Excluant à ce stade une reprise des négociations d'adhésion de la Turquie à l'UE, gelées depuis plusieurs années, elle estime que la Turquie pourrait en revanche espérer une modernisation de l'Union douanière qui la lie au bloc, mais pas avant les élections du Parlement européen en mai 2019.

"La principale réussite de cette visite est le fait qu'elle a eu lieu", souligne Marc Pierini, analyste à Carnegie Europe et ancien ambassadeur de l'UE à Ankara.

L'ampleur de la tâche qui attend les deux pays pour normaliser leurs relations a été illustrée par les propos sans compromis tenus par M. Steinmeier jeudi lors d'un dîner d'Etat en l'honneur de M. Erdogan.

Le président allemand s'est dit préoccupé par le sort de citoyens allemands, de militants syndicaux, de journalistes et d'opposants politiques incarcérés en Turquie. "On ne peut tout simplement pas passer cette question sous silence", a-t-il dit.

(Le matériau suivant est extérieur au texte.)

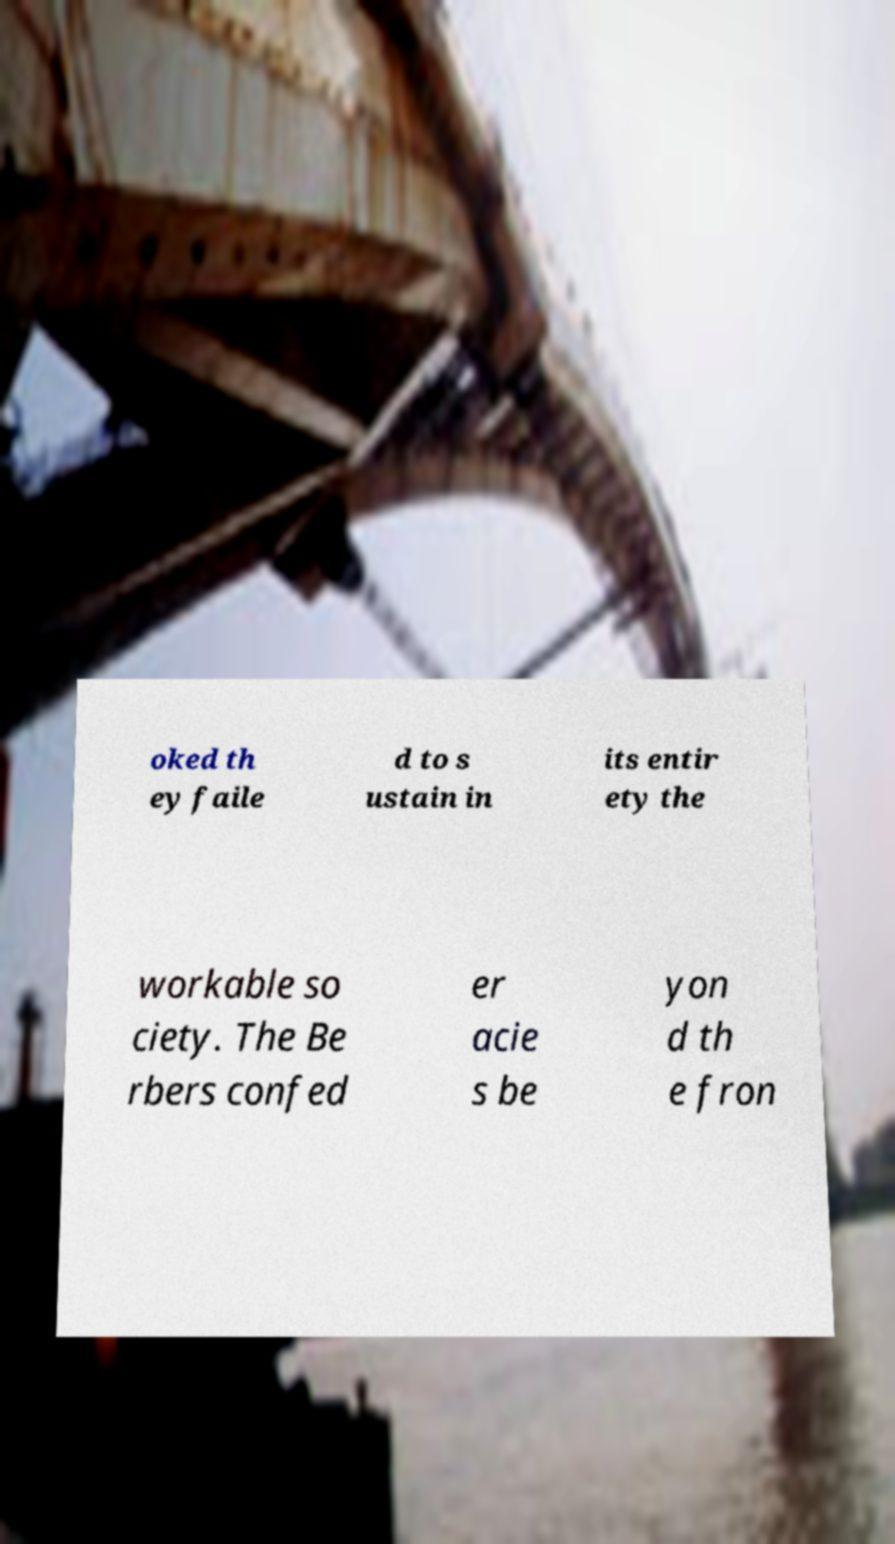For documentation purposes, I need the text within this image transcribed. Could you provide that? oked th ey faile d to s ustain in its entir ety the workable so ciety. The Be rbers confed er acie s be yon d th e fron

Il a aussi estimé qu'une simple visite de M. Erdogan "n'est pas suffisante pour normaliser les relations".

Dans des propos publiés lundi, M. Erdogan a vivement critiqué les déclarations de son homologue allemand, affirmant qu'elle "ne sont pas très appropriées" et que la Turquie ne traiterait pas un hôte de la sorte.

Pour M. Pierini, cet épisode "traduit les importantes divergences entre les deux parties au sujet de l'état de droit, notamment en ce qui concerne la libre expression".

"Mon sentiment est que le chemin de la normalisation sera long et ardu", a-t-il ajouté.